EMAS position statement: management of uterine fibroids

Maturitas. 2014 Sep;79(1):106-16. doi: 10.1016/j.maturitas.2014.06.002. Epub 2014 Jun 9.


Introduction: Uterine fibroids (also termed leiomyomas or myomas) are the most common tumors of the female reproductive tract.

Aim: The aim of this position statement is to provide and critically appraise evidence on the management of women with uterine fibroids.

Methods: Literature review and consensus of expert opinion.

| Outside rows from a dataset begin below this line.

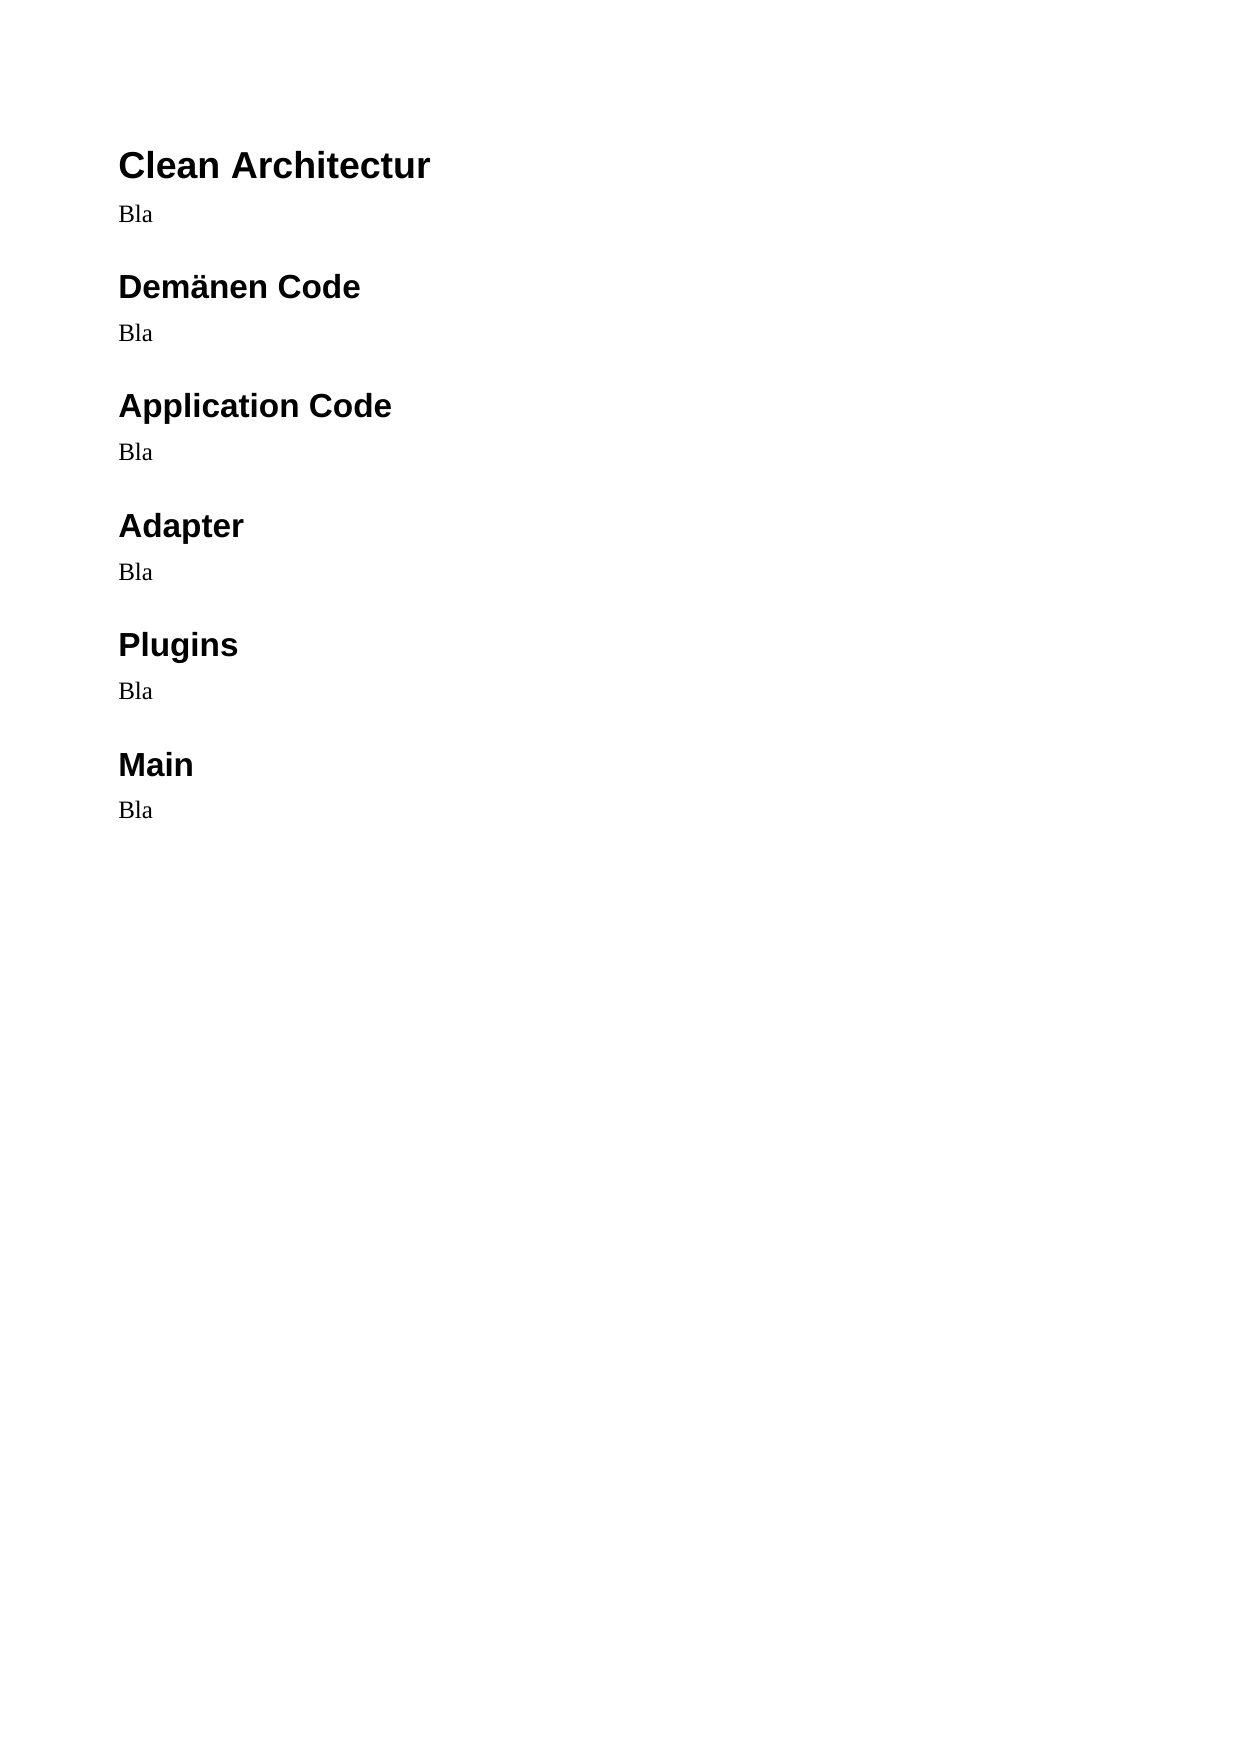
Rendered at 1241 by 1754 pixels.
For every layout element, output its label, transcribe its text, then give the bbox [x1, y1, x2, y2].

text Bla [118, 557, 1122, 586]
text Bla [118, 796, 1122, 824]
subtitle Adapter [118, 506, 1122, 544]
subtitle Main [118, 745, 1122, 783]
subtitle Demänen Code [118, 267, 1122, 306]
text Bla [118, 437, 1122, 466]
subtitle Plugins [118, 625, 1122, 664]
subtitle Clean Architectur [118, 143, 1122, 186]
text Bla [118, 199, 1122, 227]
subtitle Application Code [118, 387, 1122, 425]
text Bla [118, 676, 1122, 705]
text Bla [118, 318, 1122, 347]

Results and conclusions: Many uterine fibroids are asymptomatic and require no intervention, although it is advisable to follow up patients to document stability in size and growth. Fibroid-associated symptoms include heavy menstrual bleeding and pain or pelvic discomfort. The association between infertility and fibroids increases with age. Fibroids do not increase the risk of malignant uterine disease and leiomyosarcomas are extremely rare (less than one in 1000). It is unknown at present whether leiomyosarcoma represents de novo growth or malignant transformation from benign uterine fibroids. Treatment options for symptomatic fibroids include pharmacologic, surgical and radiologically guided interventions. The range of medical treatments allows flexible management of fibroid-related symptoms; the options include tranexamic acid, non-steroidal anti-inflammatory drugs, contraceptive steroids, gonadotropin-releasing hormone analogs, antiprogesterone, and selective progesterone receptor modulators. However, these medical options do not remove the tumors and symptoms may return when treatment is stopped. Surgical and radiologically guided procedures may be tailored to age, general health, and individual patient wishes. Hysterectomy is the most effective treatment, although in some cases myomectomy may be sufficient to control symptoms. Alternatives to surgery include uterine artery embolization, myolysis and ablation by high-intensity focused ultrasound (guided with magnetic resonance imaging or ultrasound). The choice of treatment depends on fibroid size, the underlying symptoms and their severity and the woman's desire for subsequent fertility and pregnancy, as well as efficacy and need for repeated interventions.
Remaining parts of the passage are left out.